Obama may be making excuses when he says the public financing system is broken, but he’s right. It seems inconceivable that the Supreme Court will allow limits on Swift Boat-type political speech anytime soon. 527s and their ilk are likely to remain legal, and to continue impacting elections. Money will still matter. To expect otherwise wouldn’t just be naive, it’d also be missing half of the point.

The difficulty is not that there is money in politics or that people pay money to put political ads on television. The problem arises when politicians become dependent on money from certain lobbyists or bundlers or PACs or individuals. Obama has taken a big step towards rectifying that conflict of interest by refusing money from PACs and federal registered lobbyists. Just as important, he has asked major Democratic donors to avoid funding outside groups and give money exclusively through the campaign.

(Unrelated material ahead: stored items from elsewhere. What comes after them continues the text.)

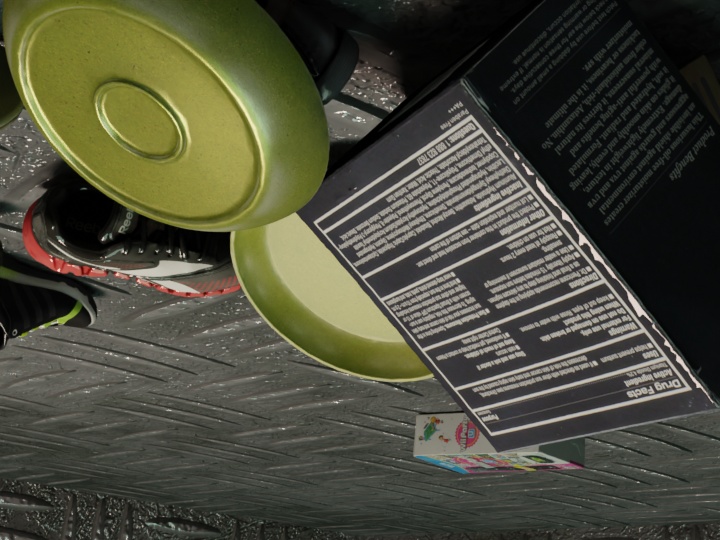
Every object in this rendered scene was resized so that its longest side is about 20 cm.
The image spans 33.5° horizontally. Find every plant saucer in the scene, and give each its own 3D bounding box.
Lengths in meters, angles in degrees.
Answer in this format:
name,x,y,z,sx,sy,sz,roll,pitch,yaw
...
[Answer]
name,x,y,z,sx,sy,sz,roll,pitch,yaw
plant saucer,0.000,0.000,0.885,0.198,0.031,0.201,14,135,14
plant saucer,-0.112,-0.088,0.640,0.198,0.031,0.201,19,143,15

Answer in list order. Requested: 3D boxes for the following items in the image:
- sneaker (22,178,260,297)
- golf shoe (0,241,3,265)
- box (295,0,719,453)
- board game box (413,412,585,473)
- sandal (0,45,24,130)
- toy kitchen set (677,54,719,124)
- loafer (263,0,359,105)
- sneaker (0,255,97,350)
name,x,y,z,sx,sy,sz,roll,pitch,yaw
sneaker,-0.160,-0.027,0.919,0.198,0.072,0.098,9,164,-11
golf shoe,-0.389,-0.026,1.008,0.197,0.078,0.088,5,-177,6
box,0.098,-0.022,0.651,0.199,0.123,0.200,51,150,-7
board game box,0.197,0.242,1.687,0.198,0.065,0.147,-7,159,35
sandal,-0.257,-0.128,0.631,0.057,0.081,0.200,-24,149,31
toy kitchen set,0.275,-0.067,0.697,0.199,0.182,0.163,-32,-173,-31
loafer,-0.089,-0.106,0.693,0.199,0.072,0.063,-19,132,39
sneaker,-0.338,0.039,1.147,0.071,0.084,0.199,-7,159,32
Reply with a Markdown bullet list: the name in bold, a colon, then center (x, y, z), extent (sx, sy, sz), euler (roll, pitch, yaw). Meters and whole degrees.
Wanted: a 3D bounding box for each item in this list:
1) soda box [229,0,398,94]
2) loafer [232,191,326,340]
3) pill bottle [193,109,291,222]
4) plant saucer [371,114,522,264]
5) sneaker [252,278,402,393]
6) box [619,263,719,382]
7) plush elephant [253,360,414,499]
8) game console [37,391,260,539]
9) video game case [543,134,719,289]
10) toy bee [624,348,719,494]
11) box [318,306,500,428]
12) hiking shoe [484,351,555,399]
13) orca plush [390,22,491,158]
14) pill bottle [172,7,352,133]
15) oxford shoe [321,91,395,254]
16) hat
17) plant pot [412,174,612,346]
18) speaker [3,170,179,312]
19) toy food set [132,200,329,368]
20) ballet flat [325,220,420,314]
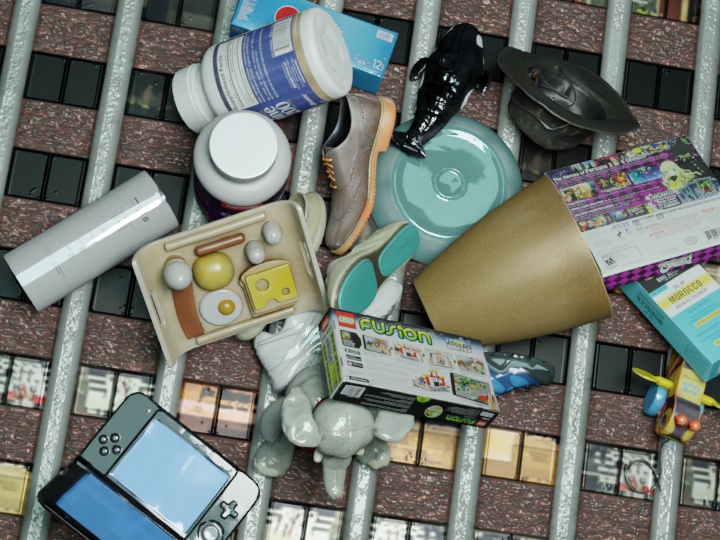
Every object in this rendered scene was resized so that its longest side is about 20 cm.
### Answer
- **soda box**: center (-0.060, -0.290, 1.774), extent (0.200, 0.068, 0.064), euler (20, 77, -2)
- **loafer**: center (-0.110, -0.014, 1.702), extent (0.068, 0.076, 0.200), euler (34, 79, -32)
- **pill bottle**: center (-0.140, -0.119, 1.665), extent (0.112, 0.200, 0.113), euler (1, 79, -6)
- **plant saucer**: center (0.109, -0.105, 1.776), extent (0.200, 0.036, 0.200), euler (1, 79, -6)
- **sneaker**: center (-0.043, 0.056, 1.709), extent (0.200, 0.078, 0.099), euler (-34, 81, -12)
- **box**: center (0.390, 0.034, 1.734), extent (0.082, 0.049, 0.200), euler (-30, 60, -16)
- **plush elephant**: center (-0.029, 0.180, 1.611), extent (0.164, 0.155, 0.200), euler (3, 116, -9)
- **game console**: center (-0.236, 0.255, 1.625), extent (0.200, 0.119, 0.172), euler (38, 78, 1)
- **video game case**: center (0.351, -0.074, 1.755), extent (0.200, 0.036, 0.181), euler (-16, 52, -11)
- **toy bee**: center (0.394, 0.167, 1.721), extent (0.131, 0.109, 0.200), euler (2, 79, -8)
- **box**: center (0.055, 0.110, 1.600), extent (0.200, 0.035, 0.110), euler (14, 42, -24)
- **hiking shoe**: center (0.136, 0.142, 1.721), extent (0.200, 0.074, 0.087), euler (-1, 87, 3)
- **orca plush**: center (0.092, -0.240, 1.763), extent (0.105, 0.071, 0.200), euler (32, 71, 29)
- **pill bottle**: center (-0.120, -0.232, 1.703), extent (0.200, 0.111, 0.111), euler (-16, 80, 22)
- **oxford shoe**: center (-0.020, -0.120, 1.726), extent (0.073, 0.071, 0.200), euler (12, 93, -29)
- **hat**: center (0.246, -0.196, 1.777), extent (0.200, 0.201, 0.081), euler (26, 118, -1)
- **plant pot**: center (0.171, 0.011, 1.700), extent (0.200, 0.186, 0.187), euler (-25, 83, 2)
- **speaker**: center (-0.320, -0.034, 1.689), extent (0.200, 0.081, 0.081), euler (-33, 85, -11)
- **toy food set**: center (-0.145, 0.017, 1.624), extent (0.200, 0.060, 0.144), euler (-18, 114, -3)
- **ballet flat**: center (0.000, 0.000, 1.681), extent (0.069, 0.069, 0.200), euler (47, 41, 3)

Taken together, the focus on small donors, the refusal of PAC and lobbyist money, and the attack on independent Democratic groups point to an entirely new way of funding a campaign. Obama has already been praised by the right for understanding and valuing free market solutions and for saying that government isn’t always the answer to social and economic problems. In this case, the Obama campaign seems to have accepted that money is in politics to stay, and that attempts to remove its influence will inevitably be subverted by forces like the 527s. By opting out of the public financing system, Obama is acknowledging that money will always play a crucial role in American politics. But by discouraging donations to independent groups, focusing on small donors, and refusing PAC and lobbyist money, he’s also trying to insure that money plays the right role in American politics.